# Understanding the transition rule for the Markov chain in the JSV algorithm for approximating the permanent

I was making my way through the paper by Jerrum, Sinclair, and Vigoda on developing a randomized polynomial time procedure (FRPAS) for approximating the permanent of a matrix $$A$$ with non-negative entries.

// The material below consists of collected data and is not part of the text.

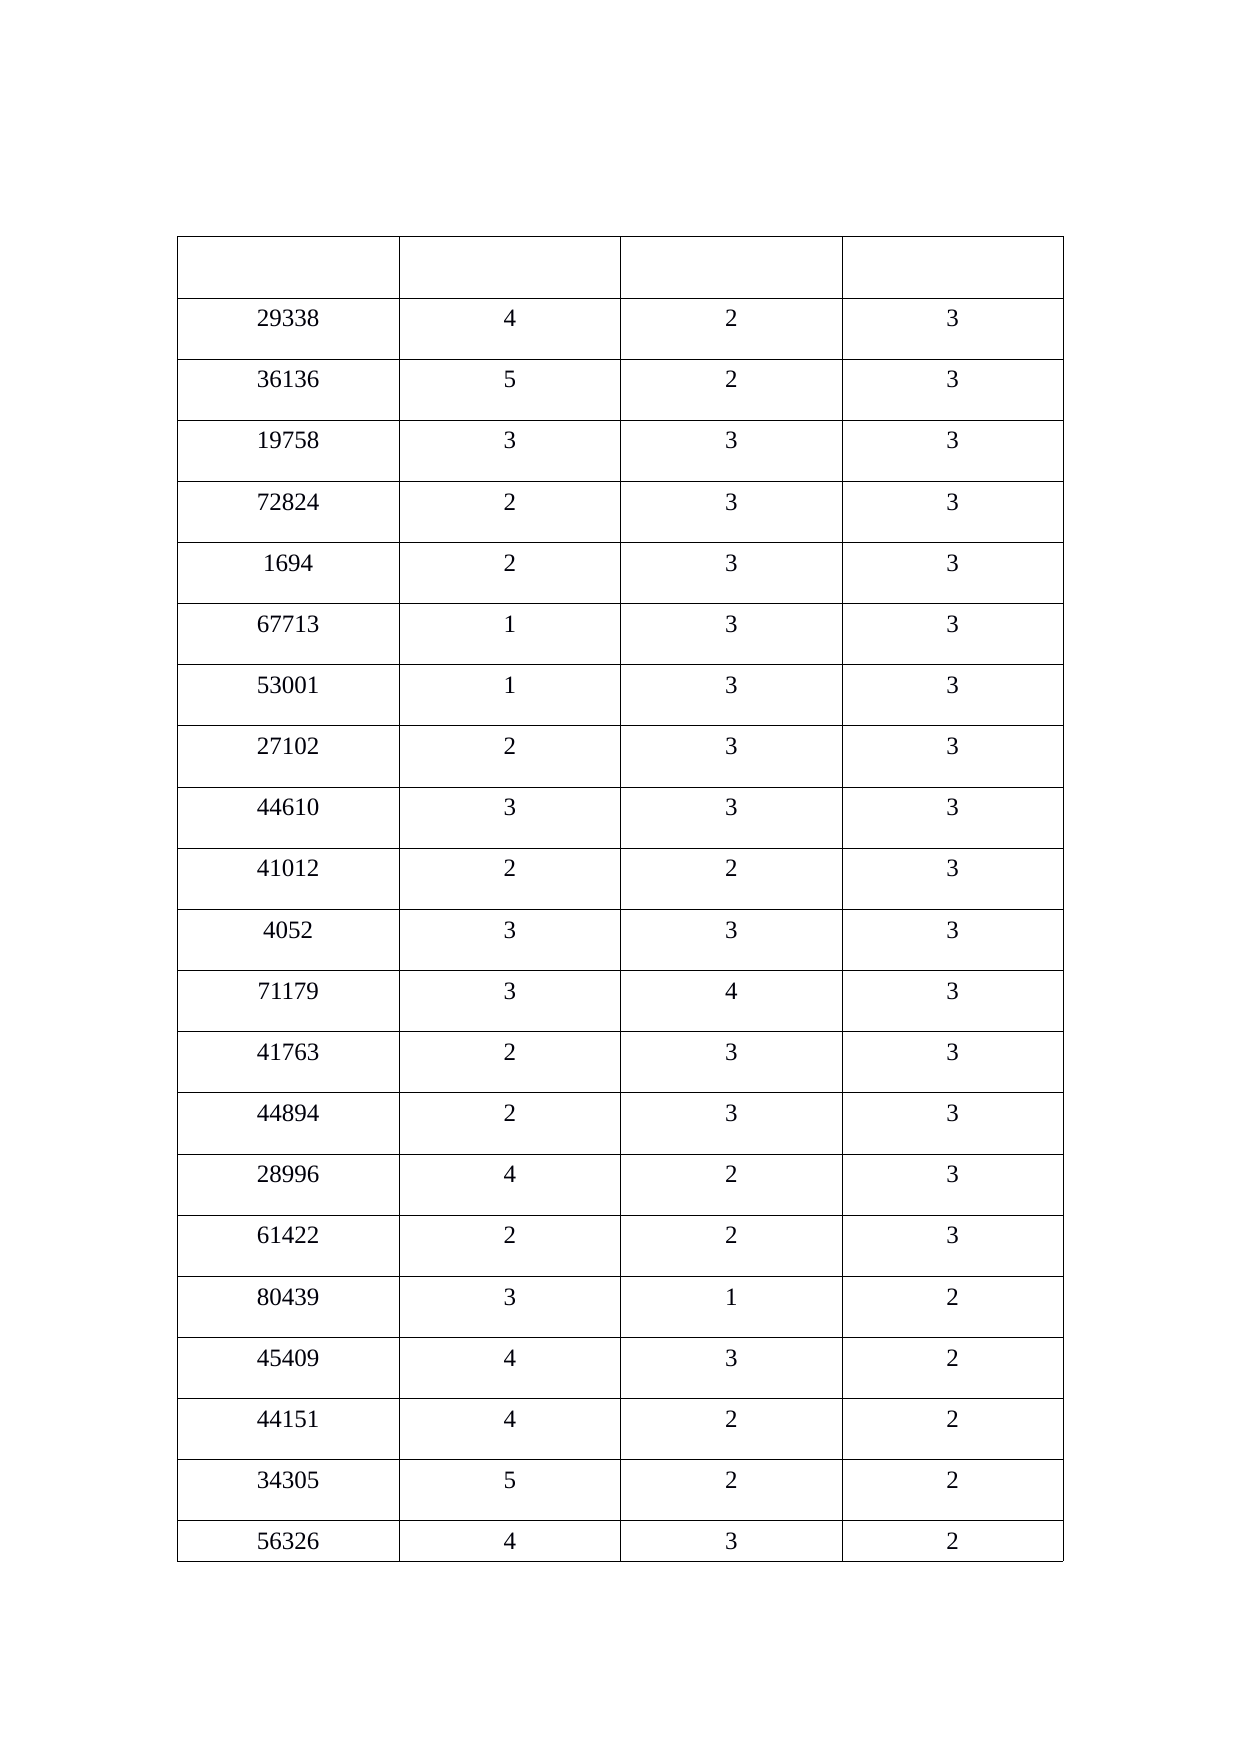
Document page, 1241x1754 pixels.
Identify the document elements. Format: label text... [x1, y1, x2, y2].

table_cell 3 [621, 604, 842, 664]
table_cell 2 [621, 299, 842, 358]
table_cell 41763 [178, 1032, 399, 1092]
table_cell 2 [621, 1460, 842, 1520]
table_cell 67713 [178, 604, 399, 664]
table_cell 3 [843, 910, 1063, 970]
table_cell 1 [621, 1277, 842, 1337]
table_cell 3 [400, 1277, 620, 1337]
table_cell 2 [621, 1399, 842, 1459]
table_cell 4 [400, 1155, 620, 1214]
table_cell 3 [843, 971, 1063, 1031]
table_cell 3 [843, 1155, 1063, 1214]
table_cell 3 [843, 665, 1063, 725]
table_cell 2 [843, 1338, 1063, 1398]
table_cell 3 [400, 910, 620, 970]
table_cell 53001 [178, 665, 399, 725]
table_cell 3 [843, 849, 1063, 909]
table_cell 3 [621, 1093, 842, 1153]
table_cell 3 [843, 299, 1063, 358]
table_cell 3 [843, 1093, 1063, 1153]
table_cell 4052 [178, 910, 399, 970]
table_cell 2 [400, 1216, 620, 1276]
table_cell 2 [400, 1032, 620, 1092]
table_cell 80439 [178, 1277, 399, 1337]
table_cell 4 [400, 299, 620, 358]
table_cell 3 [400, 971, 620, 1031]
table_cell 4 [621, 971, 842, 1031]
table_cell 5 [400, 1460, 620, 1520]
table_cell 44151 [178, 1399, 399, 1459]
table_cell [400, 237, 620, 297]
table_cell 3 [621, 788, 842, 848]
table_cell 44610 [178, 788, 399, 848]
table_cell 4 [400, 1399, 620, 1459]
table_cell 4 [400, 1521, 620, 1561]
table_cell 2 [843, 1521, 1063, 1561]
table_cell 2 [621, 1216, 842, 1276]
table_cell 3 [621, 1032, 842, 1092]
table_cell 61422 [178, 1216, 399, 1276]
table_cell 29338 [178, 299, 399, 358]
table_cell 2 [400, 543, 620, 603]
table_cell 72824 [178, 482, 399, 542]
table_cell 3 [843, 1216, 1063, 1276]
table_cell 3 [400, 421, 620, 481]
table_cell 2 [400, 482, 620, 542]
table_cell 3 [843, 421, 1063, 481]
table_cell [178, 237, 399, 297]
table_cell 2 [621, 849, 842, 909]
table_cell 2 [400, 726, 620, 787]
table_cell 2 [400, 849, 620, 909]
table_cell 34305 [178, 1460, 399, 1520]
table_cell 3 [621, 543, 842, 603]
table_cell 3 [621, 1521, 842, 1561]
table_cell 3 [843, 788, 1063, 848]
table_cell 4 [400, 1338, 620, 1398]
table_cell 2 [621, 360, 842, 420]
table_cell 56326 [178, 1521, 399, 1561]
table_cell 3 [621, 421, 842, 481]
table_cell 19758 [178, 421, 399, 481]
table_cell 3 [843, 543, 1063, 603]
table_cell 3 [621, 910, 842, 970]
table_cell 71179 [178, 971, 399, 1031]
table_cell 2 [843, 1460, 1063, 1520]
table_cell 5 [400, 360, 620, 420]
table_cell 44894 [178, 1093, 399, 1153]
table_cell 41012 [178, 849, 399, 909]
table_cell 1 [400, 665, 620, 725]
table_cell 3 [621, 1338, 842, 1398]
table_cell 3 [621, 482, 842, 542]
table_cell 3 [843, 482, 1063, 542]
table_cell 45409 [178, 1338, 399, 1398]
table_cell 3 [400, 788, 620, 848]
table_cell 3 [621, 726, 842, 787]
table_cell 3 [843, 726, 1063, 787]
table_cell [621, 237, 842, 297]
table_cell 36136 [178, 360, 399, 420]
table_cell 1694 [178, 543, 399, 603]
table_cell 3 [843, 1032, 1063, 1092]
table_cell 3 [621, 665, 842, 725]
table_cell 3 [843, 604, 1063, 664]
table_cell 2 [843, 1399, 1063, 1459]
table_cell 28996 [178, 1155, 399, 1214]
table_cell 2 [621, 1155, 842, 1214]
table_cell 27102 [178, 726, 399, 787]
table_cell [843, 237, 1063, 297]
table_cell 1 [400, 604, 620, 664]
table_cell 2 [400, 1093, 620, 1153]
table_cell 2 [843, 1277, 1063, 1337]
table_cell 3 [843, 360, 1063, 420]
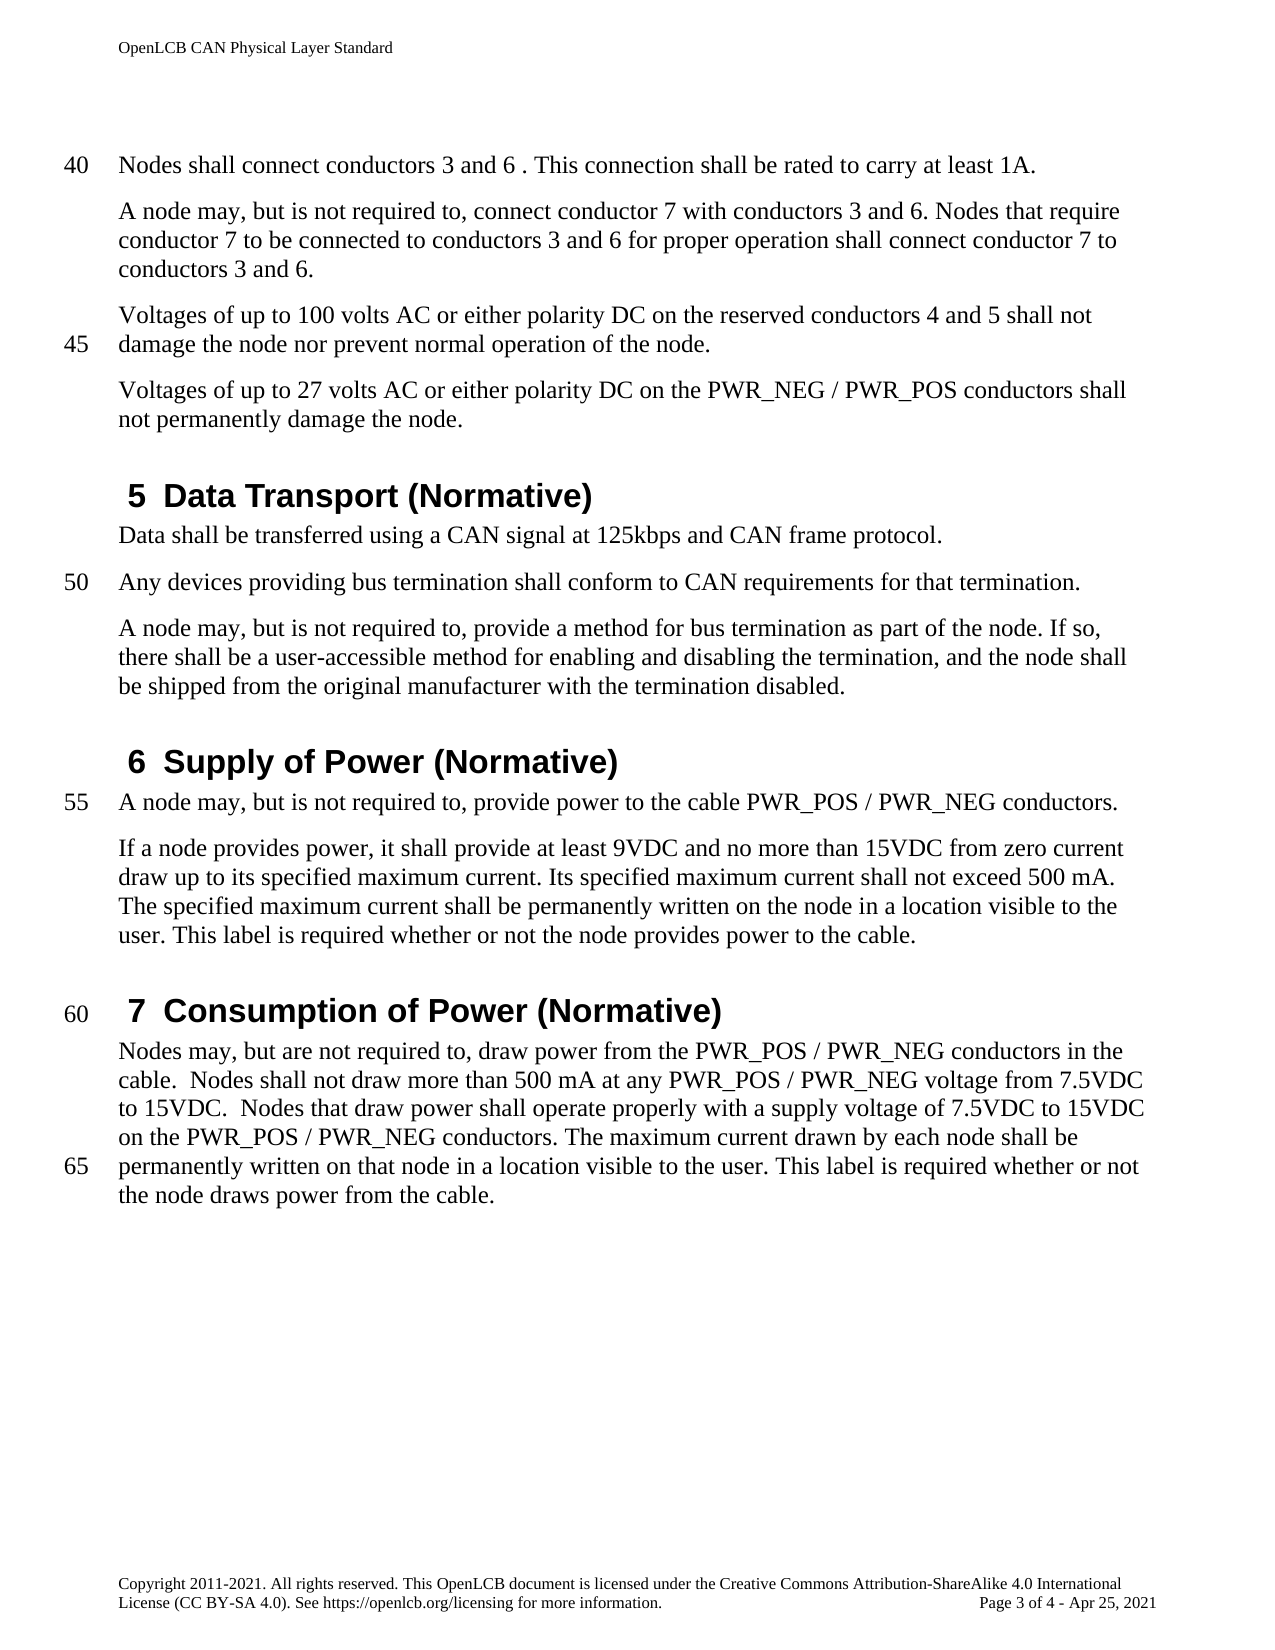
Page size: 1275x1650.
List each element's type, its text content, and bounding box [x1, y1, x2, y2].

text A node may, but is not required to, connect conductor 7 with conductors 3 and 6. Nodes that require conductor 7 to be connected to conductors 3 and 6 for proper operation shall connect conductor 7 to conductors 3 and 6. [118, 196, 1157, 283]
text A node may, but is not required to, provide a method for bus termination as part of the node. If so, there shall be a user-accessible method for enabling and disabling the termination, and the node shall be shipped from the original manufacturer with the termination disabled. [118, 613, 1157, 700]
text Voltages of up to 100 volts AC or either polarity DC on the reserved conductors 4 and 5 shall not damage the node nor prevent normal operation of the node. [118, 300, 1157, 358]
text Nodes shall connect conductors 3 and 6 . This connection shall be rated to carry at least 1A. [118, 150, 1157, 179]
text Data shall be transferred using a CAN signal at 125kbps and CAN frame protocol. [118, 521, 1157, 549]
text Any devices providing bus termination shall conform to CAN requirements for that termination. [118, 567, 1157, 596]
text If a node provides power, it shall provide at least 9VDC and no more than 15VDC from zero current draw up to its specified maximum current. Its specified maximum current shall not exceed 500 mA. The specified maximum current shall be permanently written on the node in a location visible to the user. This label is required whether or not the node provides power to the cable. [118, 833, 1157, 948]
text Nodes may, but are not required to, draw power from the PWR_POS / PWR_NEG conductors in the cable. Nodes shall not draw more than 500 mA at any PWR_POS / PWR_NEG voltage from 7.5VDC to 15VDC. Nodes that draw power shall operate properly with a supply voltage of 7.5VDC to 15VDC on the PWR_POS / PWR_NEG conductors. The maximum current drawn by each node shall be permanently written on that node in a location visible to the user. This label is required whether or not the node draws power from the cable. [118, 1036, 1157, 1208]
subtitle Consumption of Power (Normative) [118, 991, 1157, 1030]
subtitle Supply of Power (Normative) [118, 742, 1157, 781]
text Voltages of up to 27 volts AC or either polarity DC on the PWR_NEG / PWR_POS conductors shall not permanently damage the node. [118, 376, 1157, 433]
subtitle Data Transport (Normative) [118, 476, 1157, 514]
text A node may, but is not required to, provide power to the cable PWR_POS / PWR_NEG conductors. [118, 787, 1157, 816]
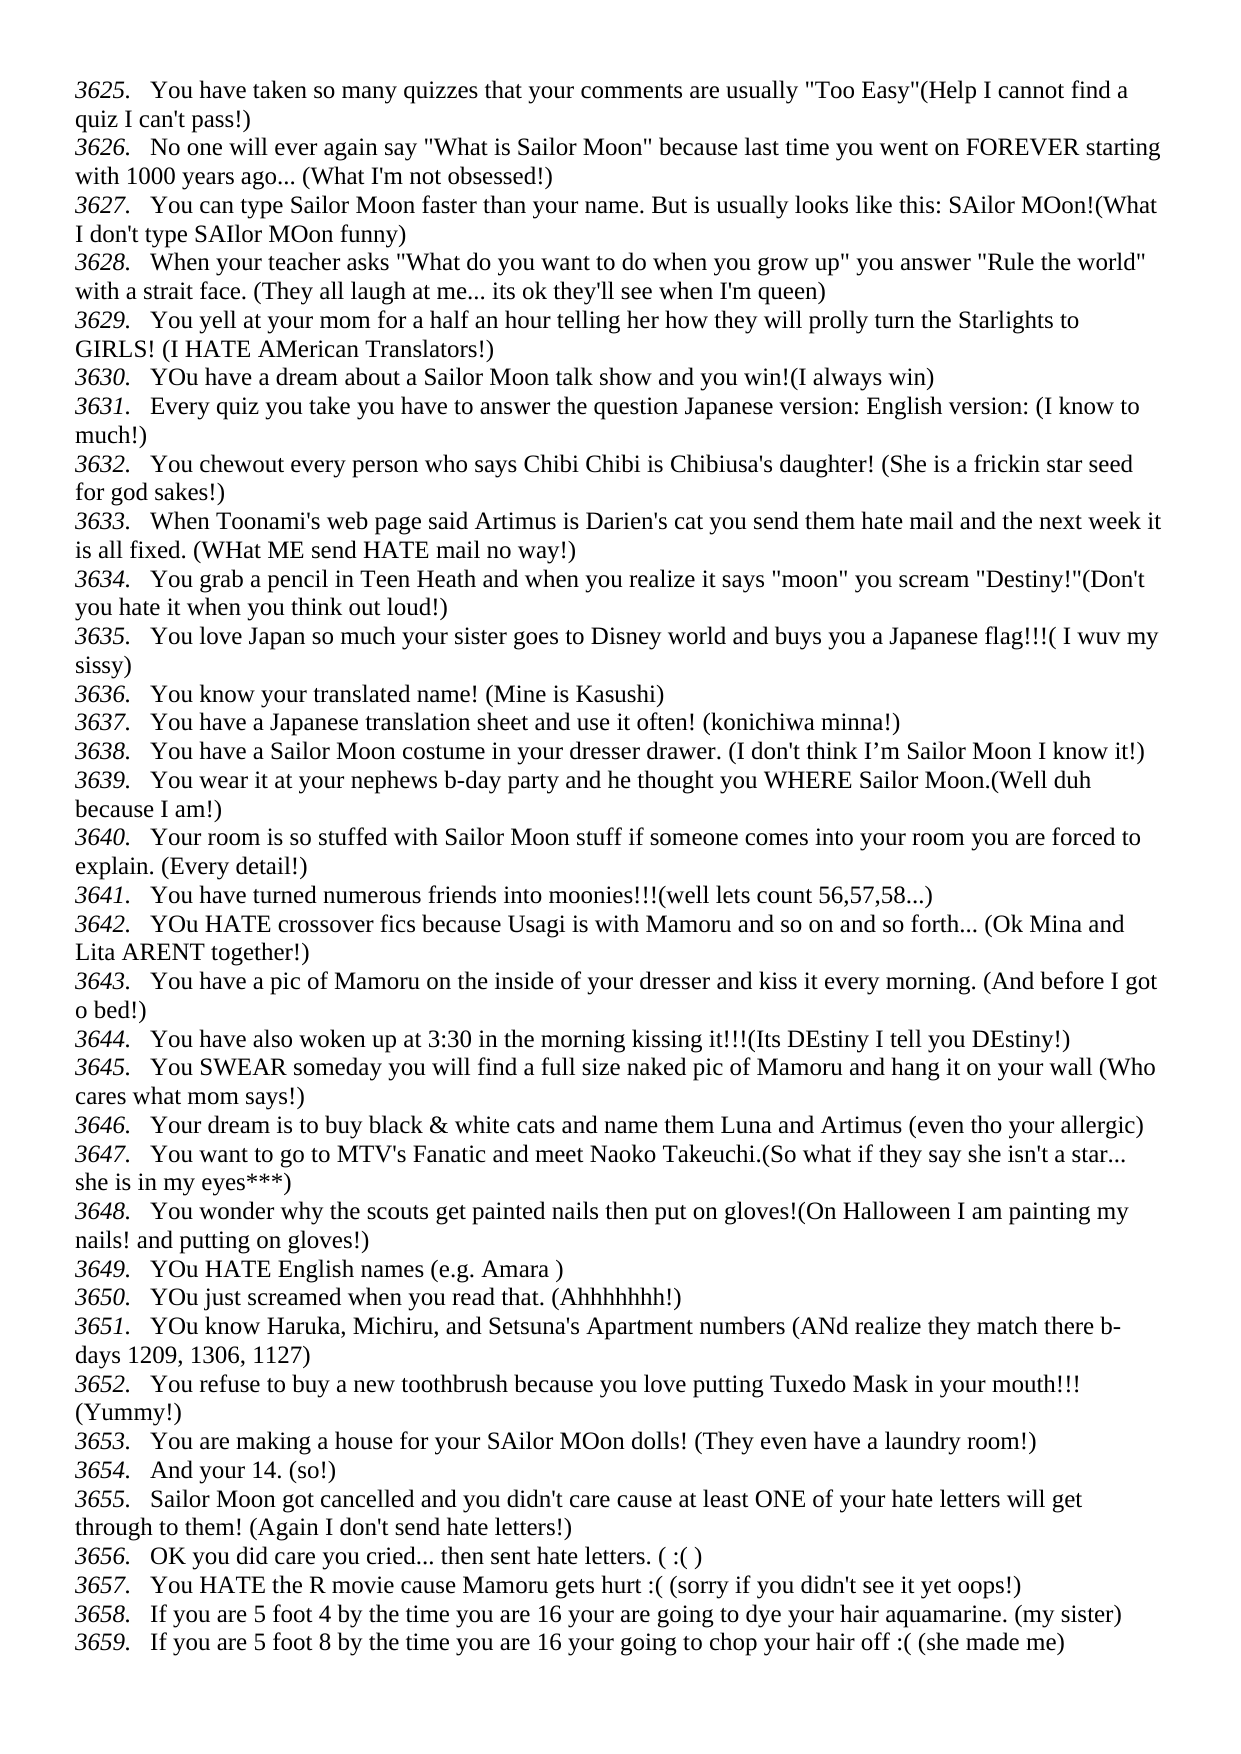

The paper mainly argues with the case when the entries of $$A$$ are in $$\{0,1 \}$$ and aims to approximate the number of perfect matchings of the bipartite graph $$G = (V, E)$$ with adjacency matrix $$\begin{bmatrix}0&A \\ A^{T}&0 \end{bmatrix}.$$

The paper does this by introducing a Markov chain with sample space $$\Omega = \mathcal{M} \cup_{u,v \in V} \mathcal{M}(u,v)$$ where $$\mathcal{M}$$ is the set of perfect matchings and $$\mathcal{M}(u,v)$$ is the set of "near perfect" matchings, these are matchings that cover all the vertices except the vertices $$u$$ and $$v$$. The Markov chain proceeds from a state $$M$$ either to state $$M'$$ or remains at state $$M$$

The transition rule and state $$M'$$ is given on pg 678 of the work. I'm having trouble understanding the case where if you are at a state $$M \in \mathcal{M}(u,v)$$, in particular, the cases 2ii and 2iii.

It says that if you are at a state $$M \in \mathcal{M}(u,v)$$ then you choose $$z$$ uniformly from $$V = V_{1} \cup V_{2}$$. If $$z \notin \{u, v \}$$ then $$z \in V_{1}$$ or $$z \in V_{2}$$. For example, if $$z \in V_{1}$$ and the edge $$(z,v) \in E$$ then $$M' = M \cup (z,v) \setminus (z,y).$$

I just don't understand what $$y$$ is here?